Oczyść pupę maluszka wilgotnymi chusteczkami albo wacikiem zmoczonym w czystej, ciepłej wodzie, osusz skórę i posmaruj kremem zapobiegającym odparzeniom. Warstwa kremu nie powinna być zbyt gruba – do skóry musi docierać powietrze. Nie syp zbyt dużo zasypki, bo szybko zwilgotnieje i podrażni skórę. Codziennie wieczorem kąp dziecko, a po kąpieli stosuj oliwkę albo balsam dla niemowląt – po to, by skóra się nie przesuszała (zbyt sucha łatwiej ulega podrażnieniom).
Kiedy skóra piecze
Ze zwykłym odparzeniem poradzisz sobie sama – wystarczy dokładnie umyć pupę dziecka ciepłą, przegotowaną wodą bez żadnych środków myjących, które mogłyby spowodować pieczenie, a potem posmarować kremem ochronnym i łagodzącym podrażnienia. Pomaga też wietrzenie skóry – po zmianie pieluszki przez kilka minut pozwól dziecku poleżeć z gołą pupą na kocyku, dla bezpieczeństwa podkładając pod niego kawałek folii, która w razie „wypadku” zabezpieczy materac przed zabrudzeniem.

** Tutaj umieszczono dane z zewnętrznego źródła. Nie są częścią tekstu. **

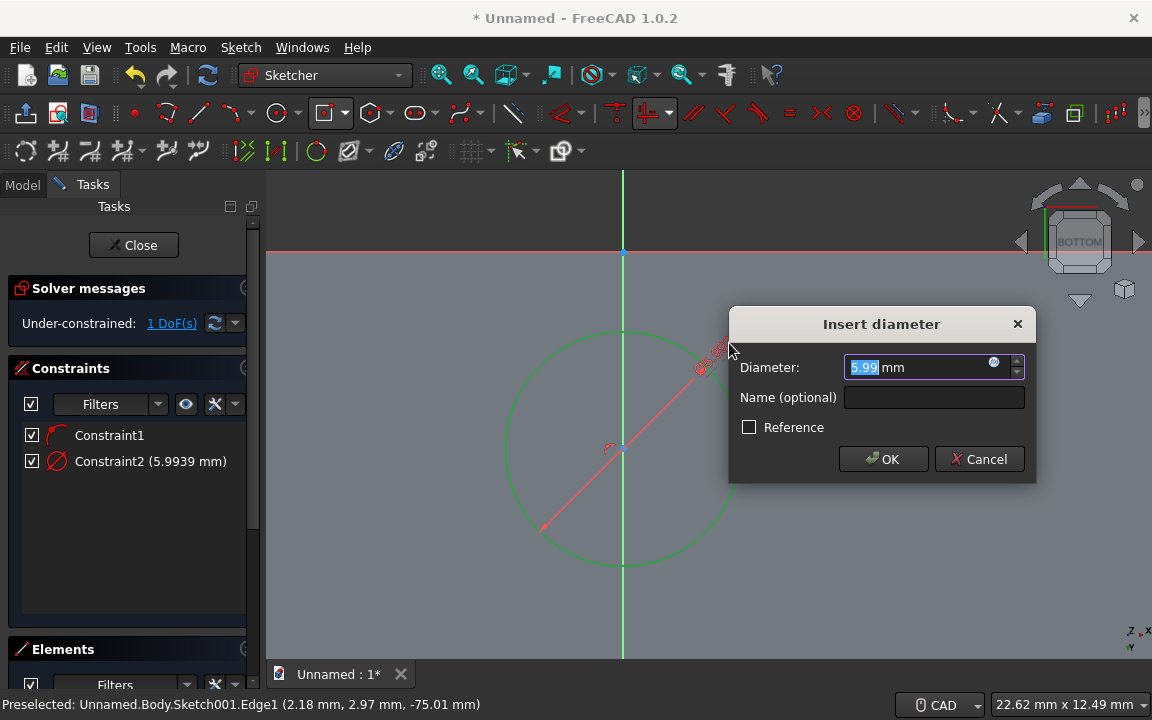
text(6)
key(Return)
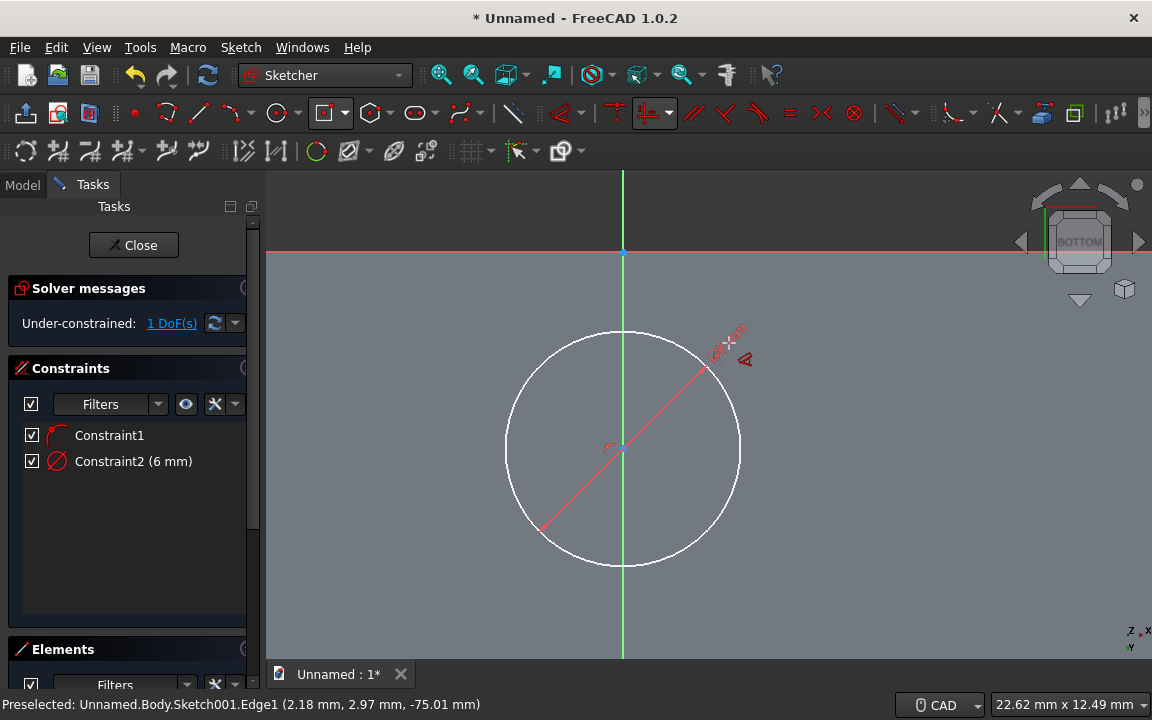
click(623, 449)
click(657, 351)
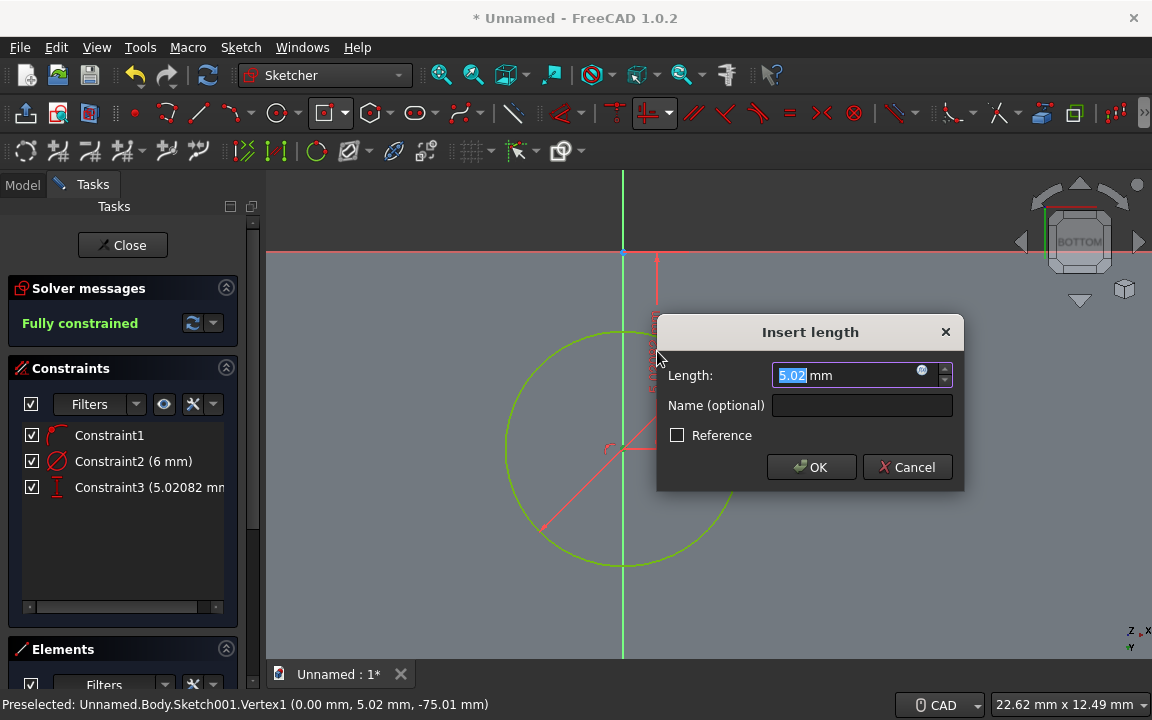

Jeśli maluch ma pieluszkowe zapalenie skóry, jak najszybciej skontaktuj się z pediatrą. Może być konieczne zastosowanie maści z antybiotykiem, gdyż podrażniona skóra cały czas ma kontakt z bakteriami znajdującymi się w moczu i kale.
miesięcznik "M jak mama"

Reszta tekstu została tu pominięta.